*** Begin section ***

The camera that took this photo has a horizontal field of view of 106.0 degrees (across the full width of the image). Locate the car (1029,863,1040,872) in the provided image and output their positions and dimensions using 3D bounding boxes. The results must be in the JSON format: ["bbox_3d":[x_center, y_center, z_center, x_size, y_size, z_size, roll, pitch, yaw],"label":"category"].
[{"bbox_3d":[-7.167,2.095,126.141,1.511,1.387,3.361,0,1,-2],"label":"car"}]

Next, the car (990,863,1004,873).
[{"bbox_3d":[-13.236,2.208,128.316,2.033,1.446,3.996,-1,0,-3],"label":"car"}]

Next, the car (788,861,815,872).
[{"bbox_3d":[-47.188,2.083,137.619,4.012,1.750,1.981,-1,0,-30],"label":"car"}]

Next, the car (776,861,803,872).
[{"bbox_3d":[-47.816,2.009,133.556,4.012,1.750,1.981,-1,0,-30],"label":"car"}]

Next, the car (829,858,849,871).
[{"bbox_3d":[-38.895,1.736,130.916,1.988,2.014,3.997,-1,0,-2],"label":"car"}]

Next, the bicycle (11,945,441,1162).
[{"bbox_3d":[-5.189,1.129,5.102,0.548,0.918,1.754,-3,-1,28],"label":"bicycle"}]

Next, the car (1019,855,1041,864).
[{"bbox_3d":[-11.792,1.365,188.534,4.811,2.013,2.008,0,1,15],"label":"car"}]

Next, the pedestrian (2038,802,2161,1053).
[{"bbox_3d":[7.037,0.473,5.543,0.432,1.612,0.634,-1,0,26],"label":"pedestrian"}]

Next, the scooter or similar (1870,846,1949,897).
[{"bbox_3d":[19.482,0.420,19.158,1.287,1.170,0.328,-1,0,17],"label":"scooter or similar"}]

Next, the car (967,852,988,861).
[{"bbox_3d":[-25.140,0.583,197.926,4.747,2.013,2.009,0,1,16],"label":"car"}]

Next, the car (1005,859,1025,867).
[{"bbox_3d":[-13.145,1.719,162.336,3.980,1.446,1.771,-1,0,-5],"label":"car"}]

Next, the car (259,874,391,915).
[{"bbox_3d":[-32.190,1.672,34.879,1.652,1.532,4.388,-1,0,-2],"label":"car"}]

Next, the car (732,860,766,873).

*** End section ***

### Task goal
From the line holding "Next, the car (1019,855,1041,864)." down to the final line above, copy each line exactly, and leave out everything before it.

### Expected answer
Next, the car (1019,855,1041,864).
[{"bbox_3d":[-11.792,1.365,188.534,4.811,2.013,2.008,0,1,15],"label":"car"}]

Next, the pedestrian (2038,802,2161,1053).
[{"bbox_3d":[7.037,0.473,5.543,0.432,1.612,0.634,-1,0,26],"label":"pedestrian"}]

Next, the scooter or similar (1870,846,1949,897).
[{"bbox_3d":[19.482,0.420,19.158,1.287,1.170,0.328,-1,0,17],"label":"scooter or similar"}]

Next, the car (967,852,988,861).
[{"bbox_3d":[-25.140,0.583,197.926,4.747,2.013,2.009,0,1,16],"label":"car"}]

Next, the car (1005,859,1025,867).
[{"bbox_3d":[-13.145,1.719,162.336,3.980,1.446,1.771,-1,0,-5],"label":"car"}]

Next, the car (259,874,391,915).
[{"bbox_3d":[-32.190,1.672,34.879,1.652,1.532,4.388,-1,0,-2],"label":"car"}]

Next, the car (732,860,766,873).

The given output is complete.